The 10th Circuit’s affirmation of the ARB’s decision is also significant because the court held that even if the language of SOX was ambiguous about what constitutes protected whistleblower activity and retaliation, precedent set in the 1984 Supreme Court case Chevron U.S.A., Inc. v. Natural Resources Defense Council, Inc. required it to defer to the ARB’s interpretation. In that case, the Supreme Court established that courts must defer to a government agency’s interpretation of a statute if the interpretation is based on a permissible construction of the statute.
“Some employers have expressed shock that an executive branch institution like the ARB has such power,” Pivec says. “But it clearly does, and can exercise influence over the interpretation and application of the 23 whistleblower statutes under Depart- ment of Labor enforcement authority.”
In light of the 10th Circuit’s decision in Lockheed, in-house counsel should carefully consider whether employee complaints could be considered protected activity under SOX.
“Given the likelihood that the ARB interpretation of SOX will prove controlling for the indefinite future, it would be prudent for covered employers to review employee handbooks, compliance policies, supervisor manuals and SOX compliance training materials to ensure that the definition of protected activity is consistent with the ARB,” Pivec says.
Employers must be careful in making even the smallest personnel changes—including desk relocations and demotions, when an employee has raised a complaint about company activity to avoid charges of retaliation. If a company does make changes, it must be prepared to show that they would have happened regardless of the employee’s complaint.

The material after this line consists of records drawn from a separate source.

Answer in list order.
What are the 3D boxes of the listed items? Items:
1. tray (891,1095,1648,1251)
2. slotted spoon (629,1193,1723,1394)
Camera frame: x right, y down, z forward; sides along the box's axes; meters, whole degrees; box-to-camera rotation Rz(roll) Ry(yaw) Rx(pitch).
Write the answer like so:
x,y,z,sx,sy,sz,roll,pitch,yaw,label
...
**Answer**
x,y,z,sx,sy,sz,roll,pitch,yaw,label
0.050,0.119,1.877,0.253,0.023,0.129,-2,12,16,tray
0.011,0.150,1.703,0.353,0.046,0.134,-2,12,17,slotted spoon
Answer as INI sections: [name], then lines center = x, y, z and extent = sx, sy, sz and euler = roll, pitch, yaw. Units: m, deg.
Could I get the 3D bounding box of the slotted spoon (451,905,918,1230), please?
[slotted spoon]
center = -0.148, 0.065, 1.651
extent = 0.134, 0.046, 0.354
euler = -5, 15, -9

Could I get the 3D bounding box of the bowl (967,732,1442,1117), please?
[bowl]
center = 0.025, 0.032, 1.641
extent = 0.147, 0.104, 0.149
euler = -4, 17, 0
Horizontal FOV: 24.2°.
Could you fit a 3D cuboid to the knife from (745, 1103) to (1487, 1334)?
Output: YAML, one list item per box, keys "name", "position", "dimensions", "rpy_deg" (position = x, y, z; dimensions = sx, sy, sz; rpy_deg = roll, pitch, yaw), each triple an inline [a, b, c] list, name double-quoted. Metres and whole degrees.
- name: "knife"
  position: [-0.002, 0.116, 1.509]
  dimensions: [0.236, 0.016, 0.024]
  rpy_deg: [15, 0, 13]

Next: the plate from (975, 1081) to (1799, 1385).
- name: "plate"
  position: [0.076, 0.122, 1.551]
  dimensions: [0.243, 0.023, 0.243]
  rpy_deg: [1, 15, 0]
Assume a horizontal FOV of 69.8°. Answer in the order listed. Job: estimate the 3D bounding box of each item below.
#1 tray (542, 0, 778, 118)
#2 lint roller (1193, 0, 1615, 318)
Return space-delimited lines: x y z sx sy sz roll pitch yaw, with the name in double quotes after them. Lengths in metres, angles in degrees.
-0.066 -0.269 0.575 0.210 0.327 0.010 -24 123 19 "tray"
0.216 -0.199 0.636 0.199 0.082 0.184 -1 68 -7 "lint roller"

“Employers should seek to not only prevent those employees who have knowledge of another employee’s protected activity from making any adverse decisions affecting that employee, but also should seek to prevent those employees from influencing any employment decisions affecting the protected employee,” McQuade says. “Second, if an adverse employment action is being taken against an employee who previously had engaged in protected activity, in-house counsel should determine whether the relevant decision maker has knowledge of the protected activity or was influenced by another who [did].”